February 5 – Dad Clarkson, 44, pitcher who posted a 39-39 record and a 4.90 ERA for four different teams from 1891 to 1896.
February 18 – Buttons Briggs, 35, pitcher for the Chicago Colts/Orphans/Cubs 1896–1898, and 1904–1905.
March 10 – Guy McFadden, 38, first baseman for the 1895 St. Louis Browns of the National League.

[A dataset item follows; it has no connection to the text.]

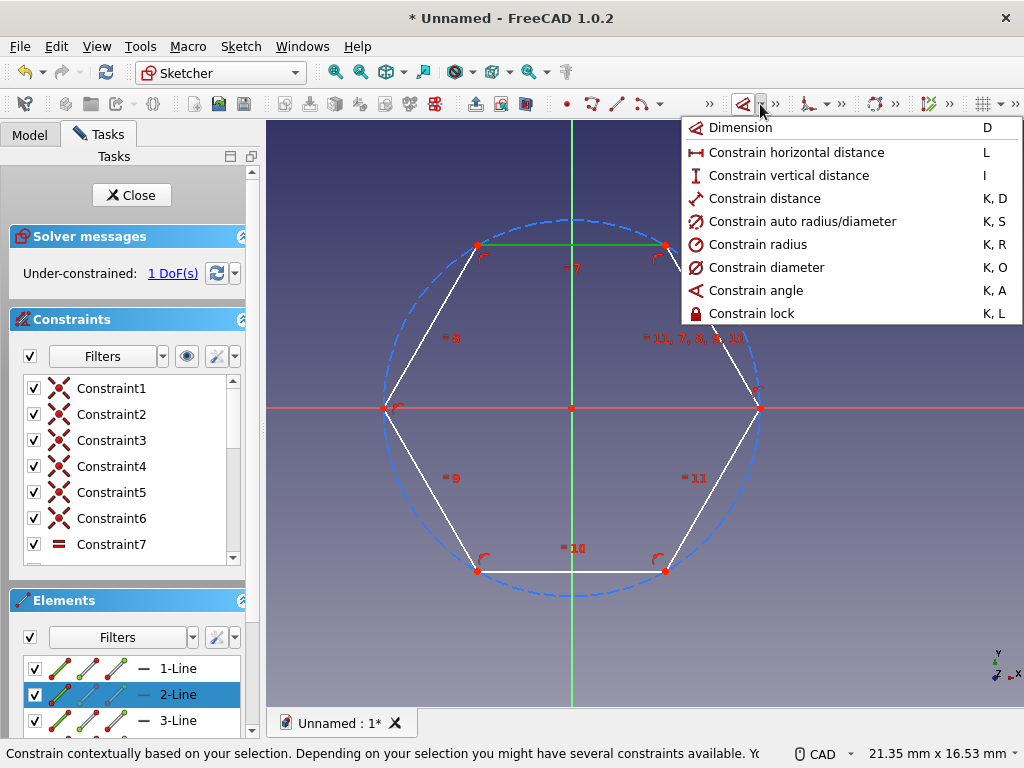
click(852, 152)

March 12 – Simon Nicholls, 28, shortstop for the Detroit Tigers, Philadelphia Athletics and Cleveland Naps between the 1906 and 1909 seasons.

April–June
April 5 – Frank Hankinson, 54, third baseman and pitcher who played from 1878 through 1888 with the White Stockings, Blues, Trojans, Gothams. Metropolitan and Cowboys.

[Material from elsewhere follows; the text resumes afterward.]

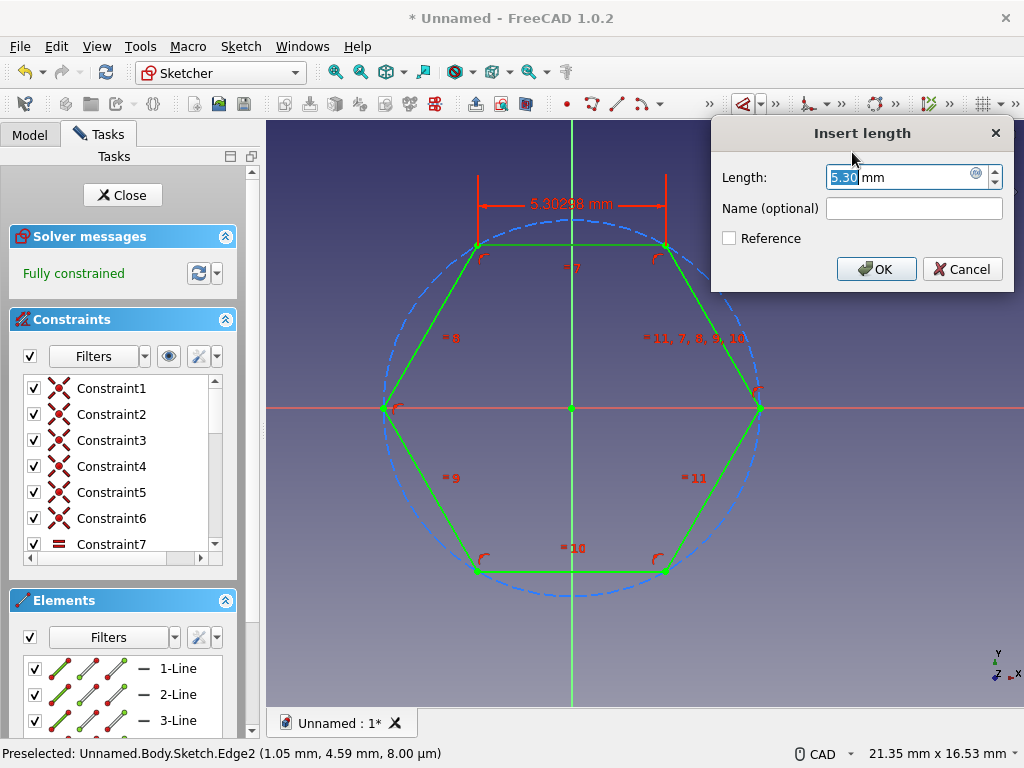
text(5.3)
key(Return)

April 14 – Addie Joss, 31, pitcher for Cleveland who won 20 games four times (1905–08), led American League in ERA twice with a career 1.89 ERA, including one-hitter in major league debut, one no-hitter and a perfect game.
April 23 – George Craig, 23, pitcher for the 1907 Philadelphia Athletics.
April 25 – Jack Rowe, 54, catcher and shortstop for Buffalo and Detroit who batted .300 four times, led NL in triples in 1881; did not strike out in entire 1882 season, later a minor league manager
May 26 – Billy O'Brien, 51, third baseman for four teams in two different leagues from 1884 to 1890, who topped the Nationel League batters with 19 home runs in 1887.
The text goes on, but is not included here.